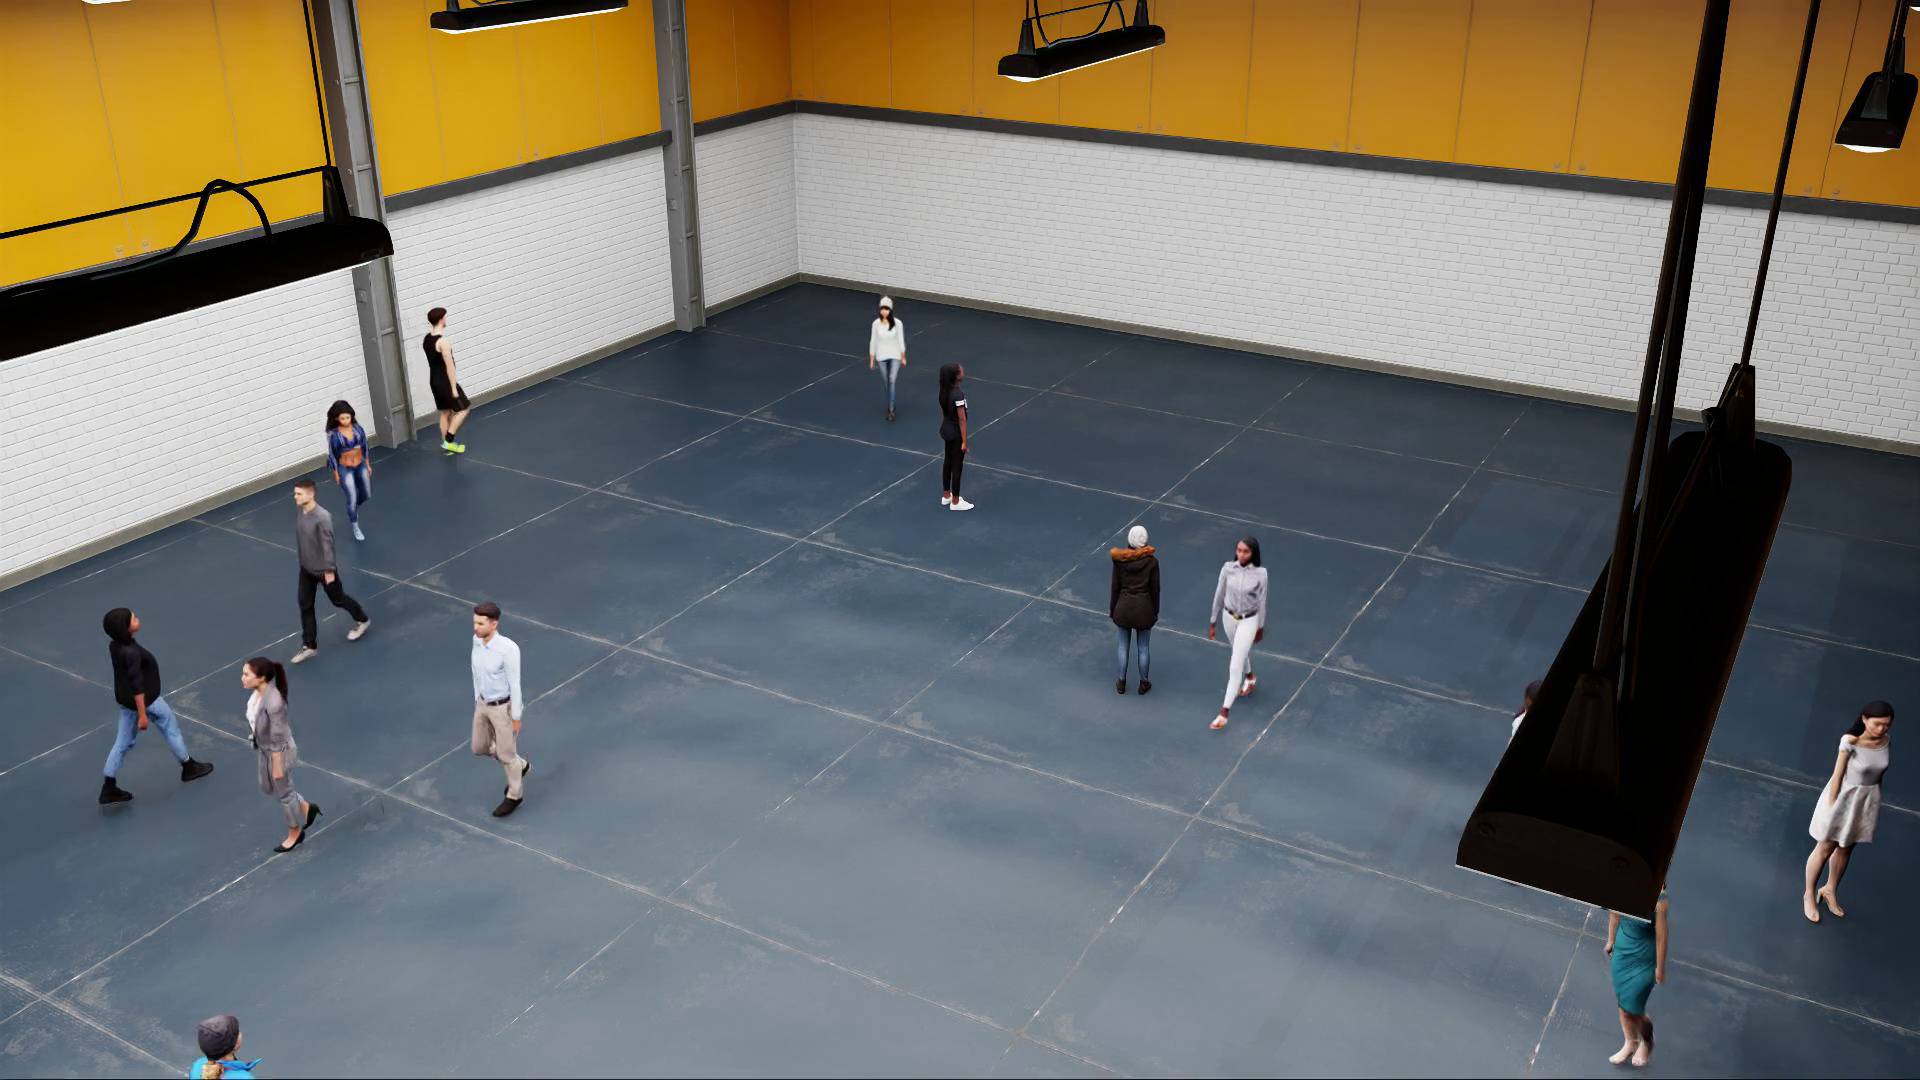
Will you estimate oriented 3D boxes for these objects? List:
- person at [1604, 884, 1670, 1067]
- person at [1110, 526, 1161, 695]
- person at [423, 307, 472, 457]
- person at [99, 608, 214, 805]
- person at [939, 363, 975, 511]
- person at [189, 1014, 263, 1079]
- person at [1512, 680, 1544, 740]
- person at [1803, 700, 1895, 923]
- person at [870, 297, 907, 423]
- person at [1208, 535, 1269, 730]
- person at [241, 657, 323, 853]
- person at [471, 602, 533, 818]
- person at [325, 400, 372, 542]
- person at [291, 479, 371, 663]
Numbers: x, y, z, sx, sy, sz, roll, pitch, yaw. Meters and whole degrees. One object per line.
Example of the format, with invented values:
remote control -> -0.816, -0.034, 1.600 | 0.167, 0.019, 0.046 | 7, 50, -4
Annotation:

================

- _Work request_
Pictures within the entries must not be reproduced; everything else is to be restated verbatim.

- _Exercise result_
Will you estimate oriented 3D boxes for these objects? List:
- person at [1604, 884, 1670, 1067]
- person at [1110, 526, 1161, 695]
- person at [423, 307, 472, 457]
- person at [99, 608, 214, 805]
- person at [939, 363, 975, 511]
- person at [189, 1014, 263, 1079]
- person at [1512, 680, 1544, 740]
- person at [1803, 700, 1895, 923]
- person at [870, 297, 907, 423]
- person at [1208, 535, 1269, 730]
- person at [241, 657, 323, 853]
- person at [471, 602, 533, 818]
- person at [325, 400, 372, 542]
- person at [291, 479, 371, 663]
Numbers: x, y, z, sx, sy, sz, roll, pitch, yaw. Meters and whole degrees. One object per line.
Example of the format, with invented values:
remote control -> -0.816, -0.034, 1.600 | 0.167, 0.019, 0.046 | 7, 50, -4
Annotation:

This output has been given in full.